The cyclones become more ferocious. The embankments weaken. Saline water seeps into communities, rendering lands infertile. Shrimp and crab farms in saline water proliferate. Like this, a slow, deadly crisis of salinisation has been intruding deeper and deeper into the coastal communities of southern Bangladesh over decades. Friendship’s working areas in Pratapnagar, in the border subdistrict of Shyamnagar have been catastrophically impacted since 2020 in the aftermath of Cyclones Amphan and Yaas.

Photographer AJ Ghani was on assignment with Friendship to document the conditions in the region. His stark images tell a story of a landscape transformed and communities whose lives have been upended.

This is the first sequel in a series of photo essays featuring AJ Ghani.

This brick path lies on an embankment that protects several villages to the right, from intrusion of the brackish seawater on the left. If this embankment is breached, paddy fields will be ruined, fresh water sources contaminated, homes flooded, and livelihoods lost.

In the moments before Cyclone Yaas makes landfall, the embankment is brimming. The trees that are sticking out of the water to the left belong to Friendship’s mangrove afforestation project. Only two to three years old, they already dampen the impact of the waves and protect the embankment. As they mature, these trees will form a strong barrier to protect communities against the kind of disaster being faced by Pratapnagar.

Unfortunately, many embankments lack any protection, and during cyclones and tidal surges, they are frequently breached and/or damaged, resulting in waterlogging and floods for communities within.

The very embankments that were built to protect habitations keep saline water trapped inside. It seeps into the soil, rendering once bountiful golden paddy field into cracked and parched wastelands.

Farmland is destroyed overnight, but the trees die slowly. Meanwhile, water sources are polluted by saline water intrusion, but daily life must continue.

Cyclone Yaas in 2021 appeared to be a relatively “weak” cyclone, compared to supercyclone Amphan the previous year.
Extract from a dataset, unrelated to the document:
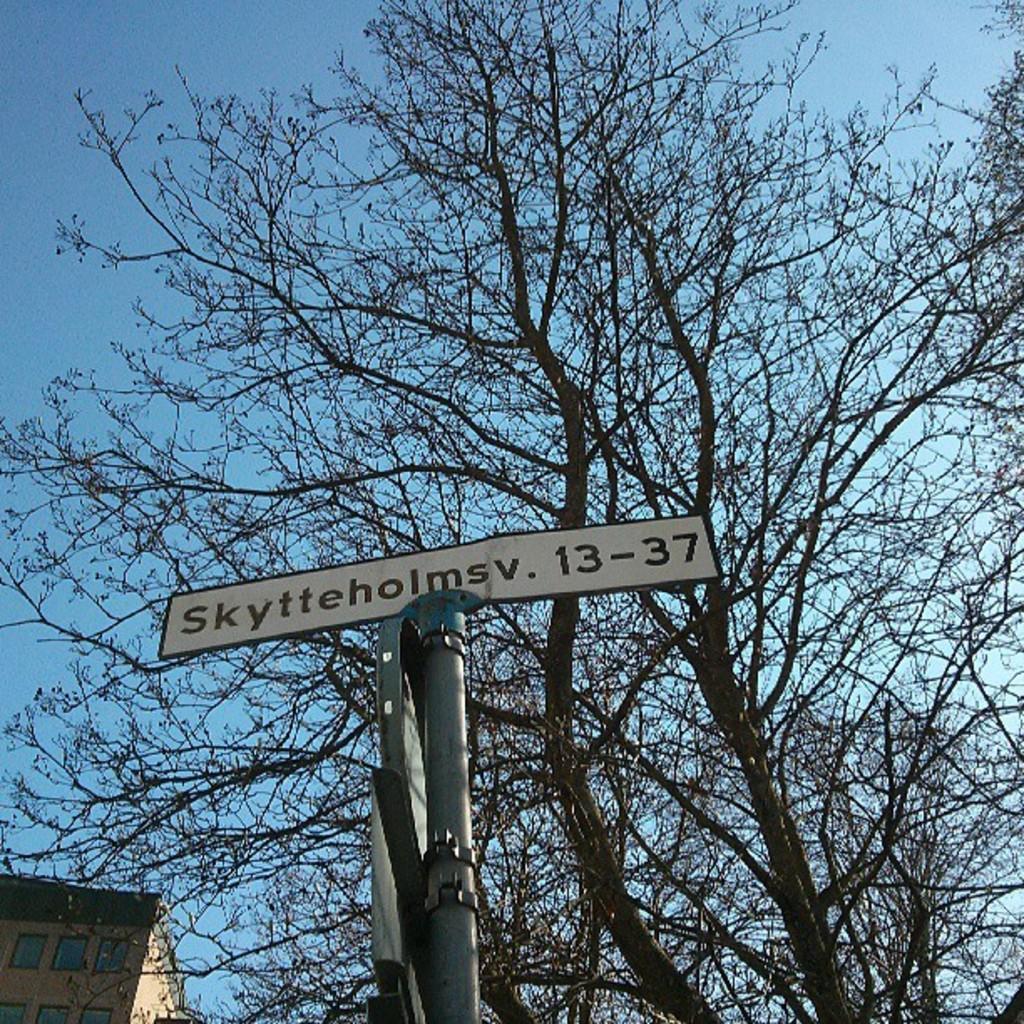Please provide a concise description of this image. In this image there are trees and we can see a pole. There is a board. On the left there is a building. In the background there is sky.

However, its waves breached countless embankments, particularly in Pratapnagar. During the following low tide, as the river level dropped, the water trapped by the embankments gushed toward the river with a great force carving out whatever path it could to the river. The resulting landscape was unrecognisable. The roads were washed away leaving this bridge as a relic.

A cluster of houses is left isolated from its neighbours and cut off from various necessities during high tide, twice each day.

Pratapnagar union contains 22 villages. Yaas and Amphan impacted most of them to some extent. Here, members of the Friendship Disaster Management Committee in Madarbaria, Pratapnagar, have mapped their village, and assess disaster risks and strategies to cope with what their neighbours have endured.

Here, what used to be a road is now a ghat (dock). This young person can no longer farm, but he has taken to ferrying people across where once they might have simply walked.